Here are some practical and cost-friendly tips to hold onto as you trudge forward:

Crunch the Numbers

Before you start thinking about the company name or internal processes you want to create, a cost assessment needs to be your primary focus. While it may seem like there isn’t much here to worry about, especially if you’re operating out of your home and with your own computer, there are other factors to consider.

Tip #1: Tally Up Likely Expenses

There are a number of not-so-hidden costs that can easily be missed if you’re caught up in the excitement of a new business venture. Don’t wait until a surprising business expense crops up that forces you to shell out your own money. Plan for the predictable costs ahead of time. Startup and ongoing business expenses include, but are not limited to:

  • Office rental fees
  • Health insurance
  • Business insurance
  • Job-related equipment (e.g. computers, phones, printers, software)
  • Business taxes
  • Marketing expenses
  • Payment processing fees

Tally up the costs you know you’re going to be responsible for, and then determine whether or not you’ll still have enough money left over to support yourself until a steady pipeline of clients or financial backing makes its way to you.

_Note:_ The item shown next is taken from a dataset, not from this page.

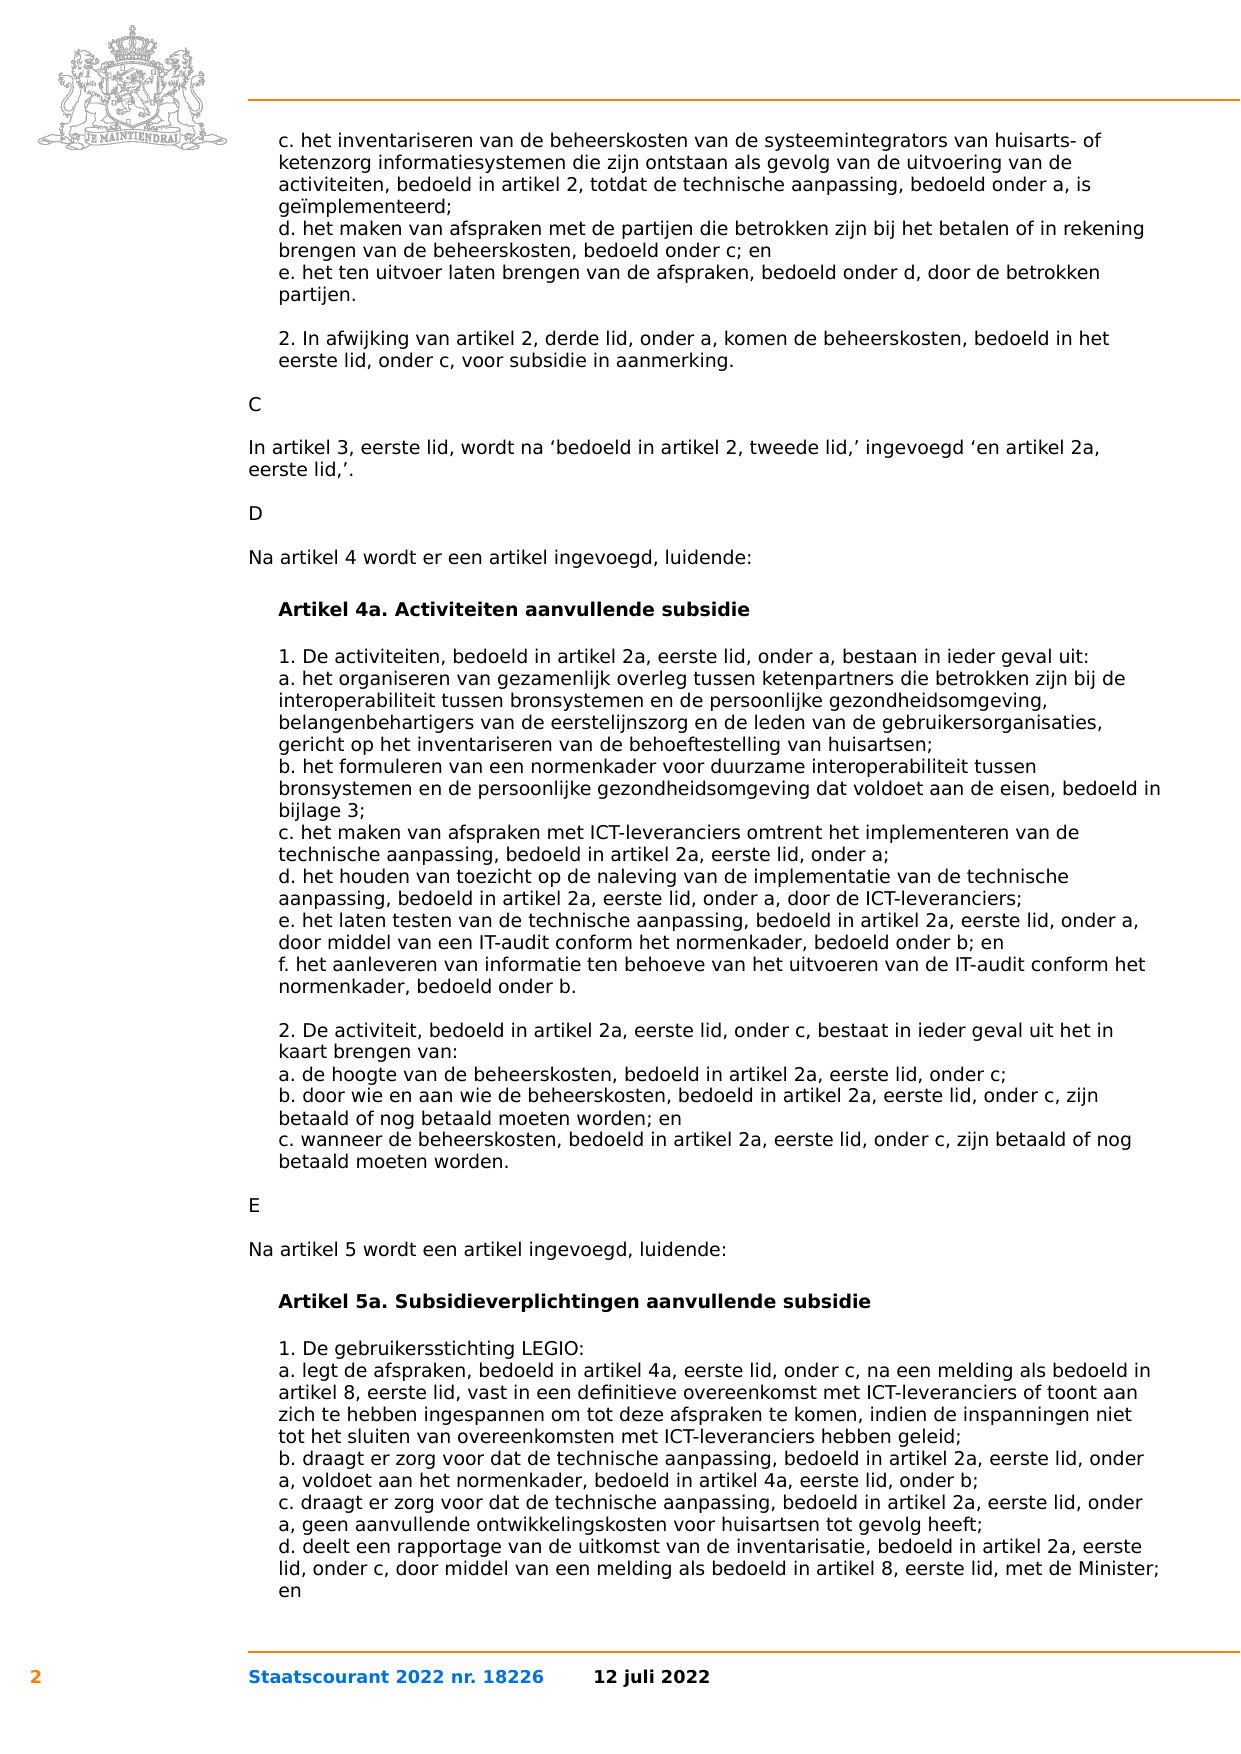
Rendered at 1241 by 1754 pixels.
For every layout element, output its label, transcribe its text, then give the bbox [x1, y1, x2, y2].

Tip #2: Work Out Timeframes

While the tangibles are easy enough to keep track of, you also need to think about ramp-up time, too. How much time will you reasonably need to get your business fully up and running? This isn’t something you can easily do overnight, especially if you’re running this ship alone, so you’ll need to know how that stretched-out launch will affect your ability to turn a profit.

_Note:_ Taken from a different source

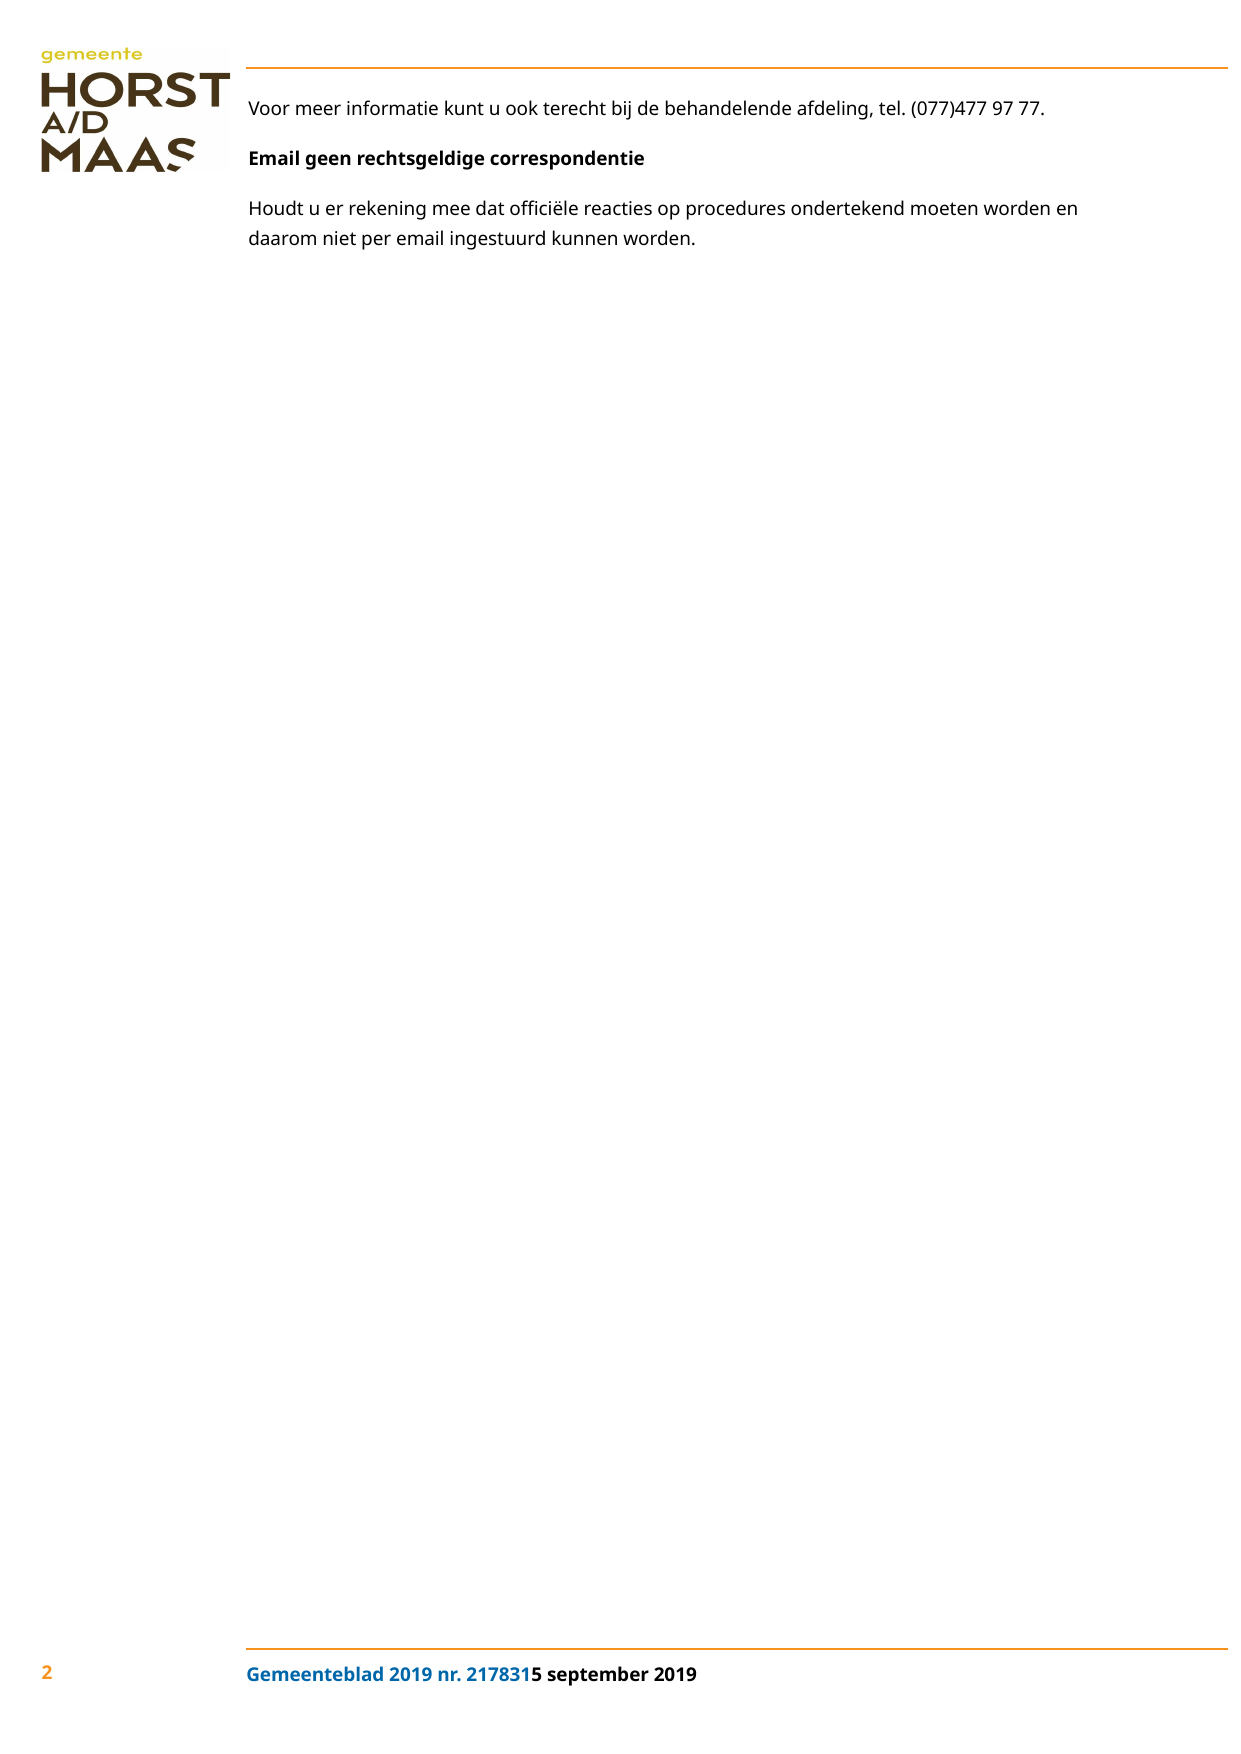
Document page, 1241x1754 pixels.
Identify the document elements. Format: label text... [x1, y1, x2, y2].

Tip #3: Plan Your Business Launch

On a related note, consider what you’ll need to do to supplement your income in the meantime. Will you need to split time between a full-time job and the part-time work needed to build your business? At what point will it become too difficult to manage where you’ll have no choice but to break away from the steady paycheck? And, finally, will you be prepared to fully support your WordPress business at that point?

If you don’t have one already, create a reasonable timeline for your business launch.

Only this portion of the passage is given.